___ Data to examine

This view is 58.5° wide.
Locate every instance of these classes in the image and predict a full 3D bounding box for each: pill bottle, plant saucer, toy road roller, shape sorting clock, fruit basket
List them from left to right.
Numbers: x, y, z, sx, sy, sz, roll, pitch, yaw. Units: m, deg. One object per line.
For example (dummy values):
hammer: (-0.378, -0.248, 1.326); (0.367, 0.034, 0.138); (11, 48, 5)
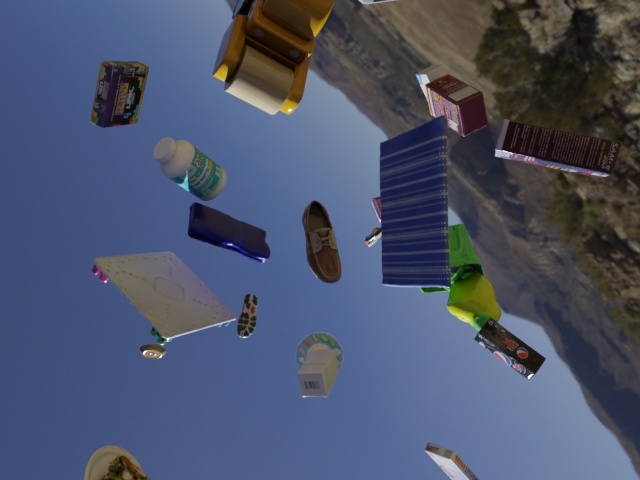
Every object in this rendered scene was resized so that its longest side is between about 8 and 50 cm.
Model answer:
plant saucer: (-0.537, 0.358, 1.827); (0.083, 0.083, 0.015); (33, -141, -36)
pill bottle: (-0.469, -0.260, 2.040); (0.264, 0.146, 0.146); (37, -165, -48)
toy road roller: (-0.093, -0.486, 1.324); (0.202, 0.240, 0.329); (23, -118, -25)
shape sorting clock: (-0.004, 0.495, 2.443); (0.206, 0.206, 0.040); (46, 170, 4)
fruit basket: (0.482, 0.158, 2.039); (0.392, 0.283, 0.392); (-9, -90, -73)

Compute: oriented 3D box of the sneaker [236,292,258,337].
sneaker: (-0.263, 0.279, 2.086); (0.068, 0.071, 0.170); (14, -122, -6)

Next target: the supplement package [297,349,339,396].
supplement package: (-0.006, 0.507, 2.190); (0.179, 0.105, 0.105); (-48, -52, -64)

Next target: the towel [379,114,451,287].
towel: (0.197, -0.071, 1.193); (0.040, 0.336, 0.243); (1, 176, -24)

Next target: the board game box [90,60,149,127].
board game box: (-0.542, -0.397, 1.546); (0.048, 0.170, 0.141); (27, -155, 13)

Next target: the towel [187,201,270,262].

______

# What to work on:
Once the lines above that include "object" are counted, report the number and nothing else.

# Written answer:
2